03.06.2020 - 11:43 Uhr
HirschauOberpfalz

SPD fordert: Sicherstellung der notärztlichen Versorgung vor Ort in Hirschau und Schnaittenbach

Seit 01. Januar 2017 gibt es in Hirschau zusätzlich zur bisherigen BRK-Rettungswache einen Notarztstandort.

PD Dr. Andreas Redel, Chefarzt der Klinik für Anästhesie und Operative Intensivmedizin (links), und Marc Bigalke, der Ärztliche Leiter der Zentralen Notaufnahme.
von Autor SORProfil

Wie am 28.11.2019 der Amberger Zeitung zu entnehmen war ("Kliniken kooperieren für Hirschauer Notarzt-Standort"), wurde zwischen der Kassenärztlichen Vereinigung Bayern (KVB) und dem Klinikum St. Marien Amberg ein Vertrag geschlossen, mit dem Ziel, die "langfristige notärztliche Besetzung des Notarztstandorts Hirschau sicherzustellen".

Hirschau

Seit dem 1. Dezember 2019 sollte hierfür im wöchentlichen Wechsel die Besetzung des Standortes Hirschau, welcher auch die Stadt Schnaittenbach mit betreut, tagsüber an den Werktagen von 7 bis 19 Uhr durch das Klinikum St. Marien Amberg und das St. Anna Krankenhaus Sulzbach-Rosenberg sichergestellt werden.
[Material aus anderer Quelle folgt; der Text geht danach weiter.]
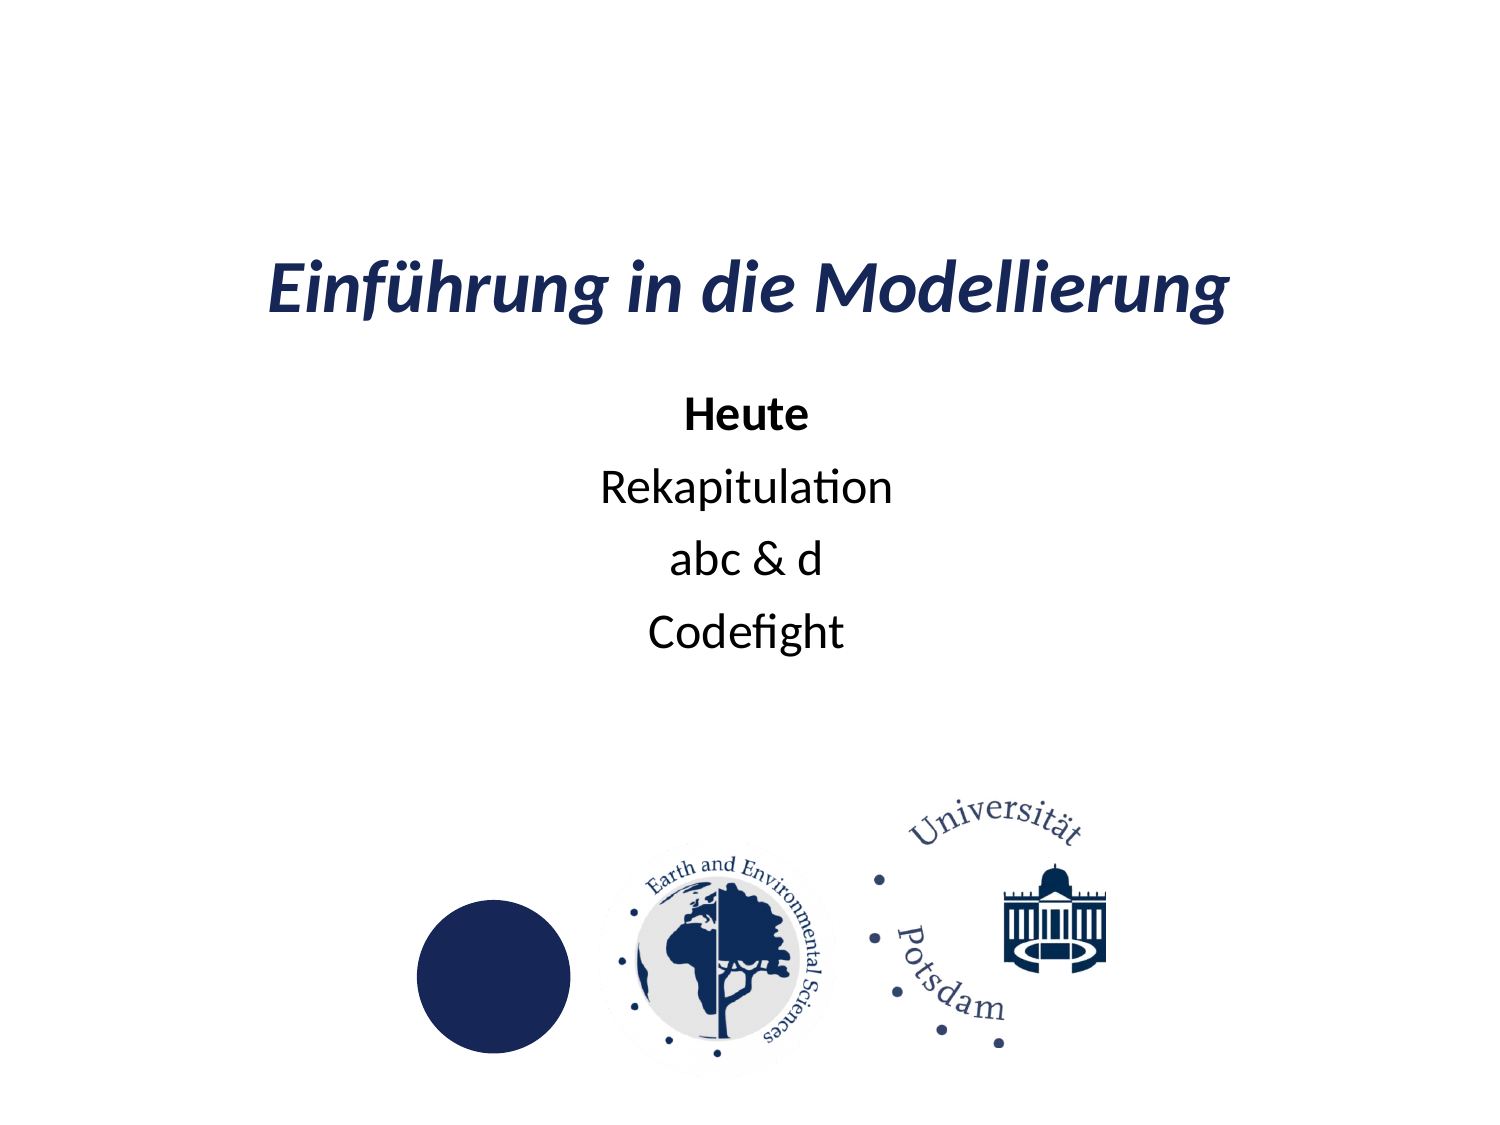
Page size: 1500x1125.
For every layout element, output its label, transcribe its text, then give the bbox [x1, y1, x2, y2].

text_box Heute Rekapitulation abc & d Codefight [0, 533, 1495, 666]
picture [598, 840, 836, 1077]
text_box [416, 899, 571, 1054]
text_box Einführung in die Modellierung [0, 229, 1500, 533]
picture [868, 798, 1106, 1048]
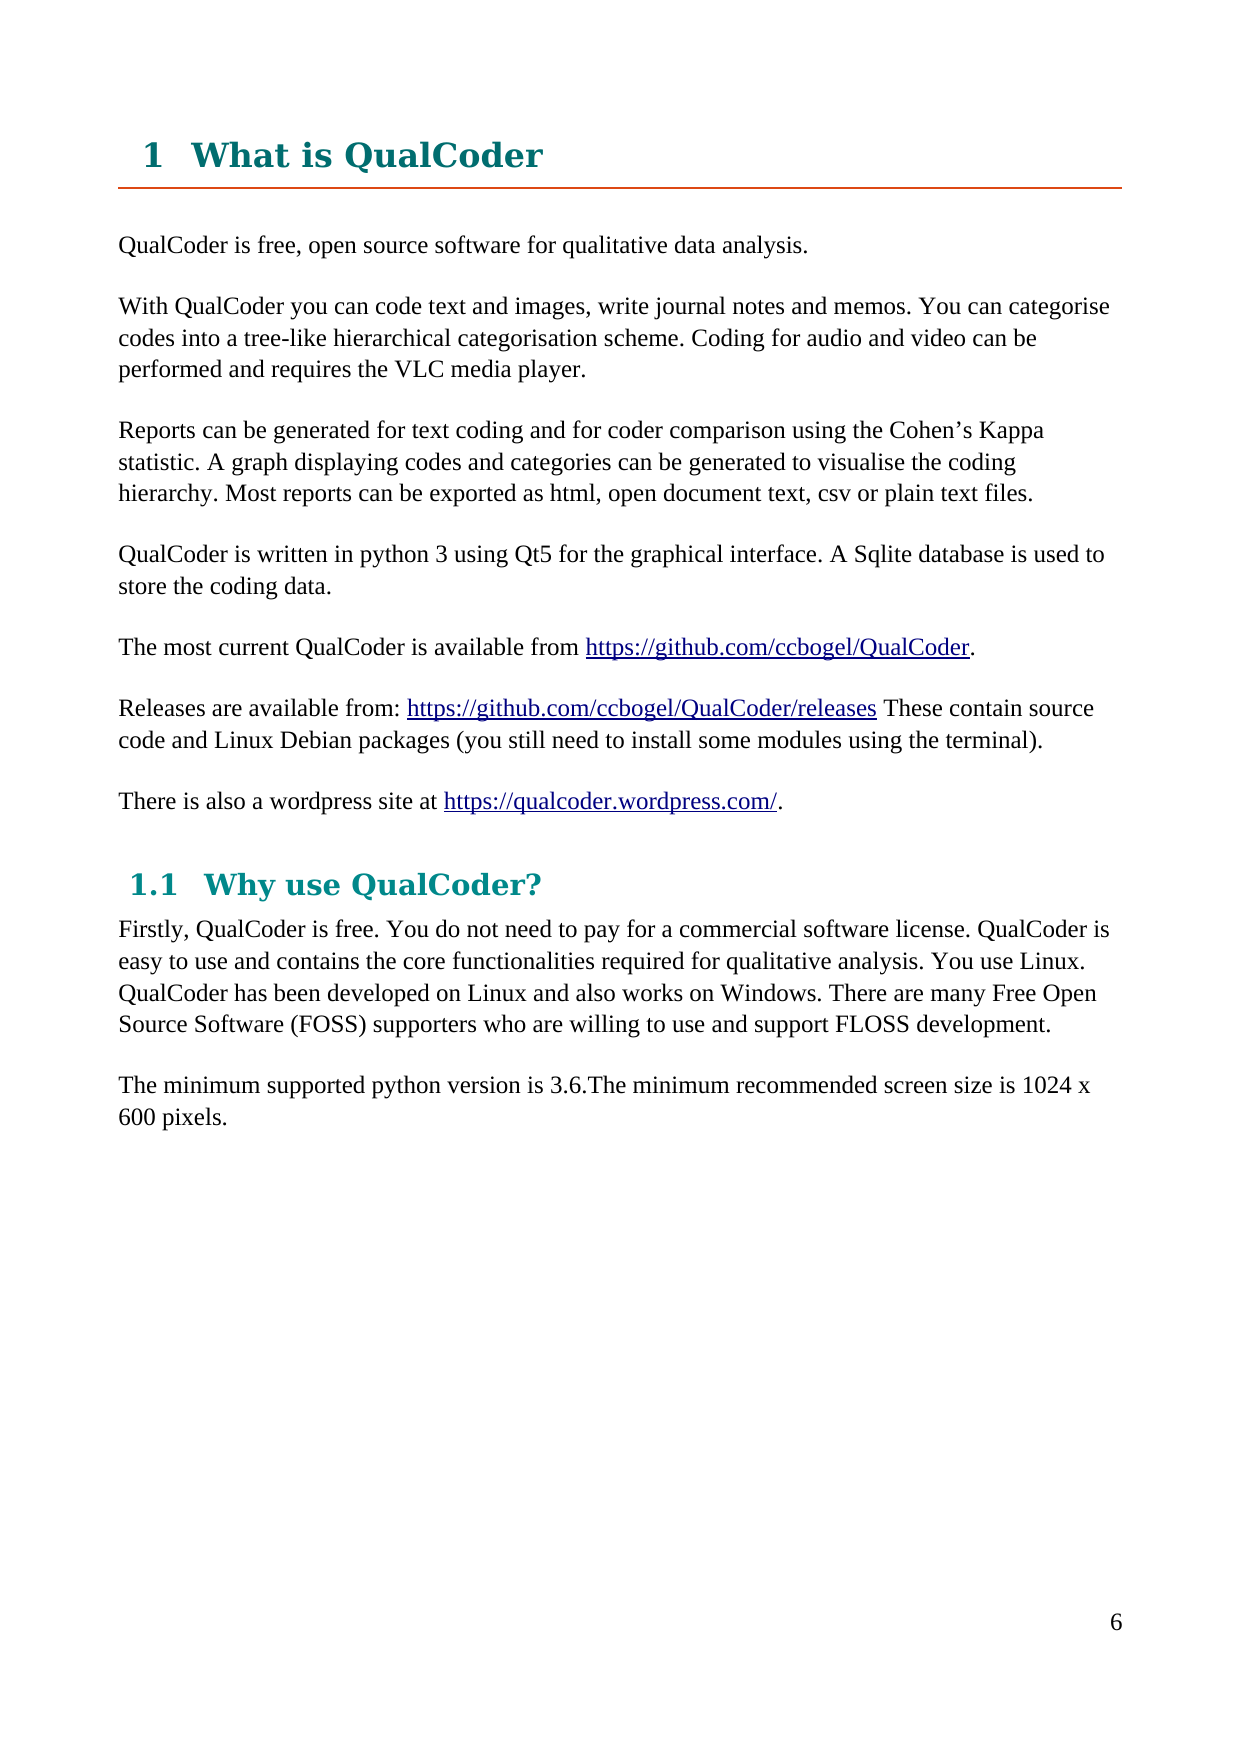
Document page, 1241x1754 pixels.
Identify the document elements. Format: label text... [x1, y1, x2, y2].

text There is also a wordpress site at https://qualcoder.wordpress.com/. [118, 786, 1122, 814]
text With QualCoder you can code text and images, write journal notes and memos. You can categorise codes into a tree-like hierarchical categorisation scheme. Coding for audio and video can be performed and requires the VLC media player. [118, 291, 1122, 383]
subtitle Why use QualCoder? [118, 868, 1122, 902]
text Firstly, QualCoder is free. You do not need to pay for a commercial software license. QualCoder is easy to use and contains the core functionalities required for qualitative analysis. You use Linux. QualCoder has been developed on Linux and also works on Windows. There are many Free Open Source Software (FOSS) supporters who are willing to use and support FLOSS development. [118, 914, 1122, 1038]
text Reports can be generated for text coding and for coder comparison using the Cohen’s Kappa statistic. A graph displaying codes and categories can be generated to visualise the coding hierarchy. Most reports can be exported as html, open document text, csv or plain text files. [118, 415, 1122, 507]
text QualCoder is free, open source software for qualitative data analysis. [118, 230, 1122, 259]
subtitle What is QualCoder [118, 124, 1122, 187]
text QualCoder is written in python 3 using Qt5 for the graphical interface. A Sqlite database is used to store the coding data. [118, 539, 1122, 600]
text The minimum supported python version is 3.6.The minimum recommended screen size is 1024 x 600 pixels. [118, 1070, 1122, 1131]
text The most current QualCoder is available from https://github.com/ccbogel/QualCoder. [118, 632, 1122, 661]
text Releases are available from: https://github.com/ccbogel/QualCoder/releases These contain source code and Linux Debian packages (you still need to install some modules using the terminal). [118, 693, 1122, 753]

Zu den geplanten Änderungen haben sich die SPD-Stadtratsfraktionen Hirschau und Schnaittenbach bereits im November 2019 vor Ort informiert.

Zwar wurde die werktägliche Besetzung im wöchentlichen Wechsel durch die beiden Kliniken realisiert und hat zu einer Entlastung am Notarztstandort Hirschau geführt, dennoch hat sich im Zuge der Corona-Pandemie die anfängliche Befürchtung, so Josef Birner, bewahrheitet, die abgestellten Notärzte könnten tagsüber nicht wie geplant im Kaolinrevier, sondern vielmehr in den jeweiligen Kliniken eingesetzt werden.

Seit dem 30.03.2020 werden das Notarzteinsatzfahrzeug und der Notarzt nicht mehr wie vereinbart an der BRK-Rettungswache Hirschau und den hierzu bereitgestellten Räumlichkeiten, sondern vielmehr an den Kliniken in Amberg und Sulzbach vorgehalten. Dies, so Josef Birner, führt neben einem erhöhten organisatorischen Aufwand zum Schichtwechsel an der BRK-Rettungswache Hirschau vor allem bei Notfällen, z.B. in den Pflegeeinrichtungen in Hirschau und Schnaittenbach, zu einem koordinatorischen Mehraufwand in der Integrierten Leitstelle Amberg und insbesondere zu einem deutlich längeren Anfahrtsweg.

So geht wertvolle Zeit verloren, im Ernstfall kann dies Leben kosten, befürchten die beiden SPD-Stadtratsfraktionen Hirschau und Schnaittenbach. Um die notärztliche Versorgung der Schnaittenbacher und Hirschauer Bevölkerung uneingeschränkt sicherzustellen, beantragen die beiden SPD-Stadtratsfraktionen daher, dass durch die beiden Städte Hirschau und Schnaittenbach umgehend beim Zweckverband für Rettungsdienst und Feuerwehralarmierung (ZRF) Amberg darauf gedrungen wird, dass die Notärzte wieder am Standort Hirschau vor Ort ihren Dienst versehen, was auch den Menschen in Schnaittenbach zugute käme, so Uwe Bergmann.

In ihren Anträgen beantragen die beiden SPD-Stadtratsfraktionen, hierzu unverzüglich Gespräche mit dem Zweckverband für Rettungsdienst und Feuerwehralarmierung Amberg aufzunehmen und den jeweiligen Stadtrat hierüber in der nächsten öffentlichen Stadtratssitzung zu informieren. Der östliche Landkreis, so Reinhold Strobl, dürfe hier nicht benachteiligt werden.